Gluten intolerance or gluten sensitivity is a condition that affects about 35% of the population today. For these people, their body lacks essential enzymes that are required to break down gluten particles. With all the misinformation about gluten intolerance floating around, many people have simply jumped onto the gluten-free bandwagon without knowing if gluten is actually bad for them. While gluten intolerance doesn’t affect every single person, it’s hard to tell if you’re part of the affected population without a proper blood test. The problem with these tests however, is that they’re very expensive. Instead of getting a full blood-analysis done, you can perform a simple test of your own at home to see if you really are sensitive to gluten.
The Elimination Test
The elimination diet involves removing certain foods from your diet to see how your body reacts to this change. Throughout this test, you will need to be very aware of your bodily responses. The best way to do this is to keep a little diary and document every change you feel through the day. On the first few days of the test, eat foods containing gluten with abandon. Gluten is commonly found in wheat, bran, couscous, semolina and other grains. Document how you feel after eating these foods. Take a note of your bowel movements, the consistency of your stools, any bloating or cramping you feel, even your mood over these days.
Symptoms To Watch Out For
The specific symptoms of gluten intolerance varies from person to person. You might experience all of these symptoms or even just a few. However, the most common symptom in people with gluten sensitivity is poor digestion. Since their body cannot break down gluten, they feel cramped, bloated, have terrible diarrhea and excessive gas. Other symptoms of gluten intolerance that aren’t related to digestion are migraines, ‘brain fog’, fatigue, water retention and pain in the joints. Since gluten intolerance results in inflammation, the symptoms can show up on the skin too. If you do have this condition, you might notice you get more acne or your psoriasis and eczema get aggravated when you eat a lot of gluten. Typically, after eliminating gluten from your diet, all of these symptoms should clear up on their own.

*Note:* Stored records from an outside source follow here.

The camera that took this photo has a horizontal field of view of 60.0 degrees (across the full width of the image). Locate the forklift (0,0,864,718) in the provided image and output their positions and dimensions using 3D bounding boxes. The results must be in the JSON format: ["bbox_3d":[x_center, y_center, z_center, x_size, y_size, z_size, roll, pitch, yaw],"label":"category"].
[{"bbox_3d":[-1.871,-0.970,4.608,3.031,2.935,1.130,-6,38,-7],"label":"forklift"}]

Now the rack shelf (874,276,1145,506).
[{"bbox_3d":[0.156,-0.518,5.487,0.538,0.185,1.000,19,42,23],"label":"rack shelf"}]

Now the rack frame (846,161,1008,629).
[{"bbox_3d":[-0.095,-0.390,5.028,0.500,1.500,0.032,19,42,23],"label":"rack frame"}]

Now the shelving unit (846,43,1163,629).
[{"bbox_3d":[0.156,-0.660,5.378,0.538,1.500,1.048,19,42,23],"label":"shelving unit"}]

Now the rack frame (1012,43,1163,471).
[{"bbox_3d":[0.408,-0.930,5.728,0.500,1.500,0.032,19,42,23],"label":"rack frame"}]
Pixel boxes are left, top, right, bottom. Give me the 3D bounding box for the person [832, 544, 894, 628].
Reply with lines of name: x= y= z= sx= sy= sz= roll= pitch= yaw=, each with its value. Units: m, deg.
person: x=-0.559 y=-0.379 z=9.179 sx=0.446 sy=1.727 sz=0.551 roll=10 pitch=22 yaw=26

Next If You Have Gluten Intolerance?
If you don’t experience any of the above symptoms, then you can heave a sigh of relief and continue eating as much gluten as you want. However, if you are gluten intolerant, then you’re going to need to make some serious lifestyle changes to deal with your condition. The first step is to make a comprehensive list of all foods containing gluten. Apart from grain sources, gluten is also found in imitation meats (like vegan bacon), beer, malt, certain marinades, deli meats and even some lotions and lip balms. Reading food labels should become second nature to you if you want to make sure you aren’t consuming gluten.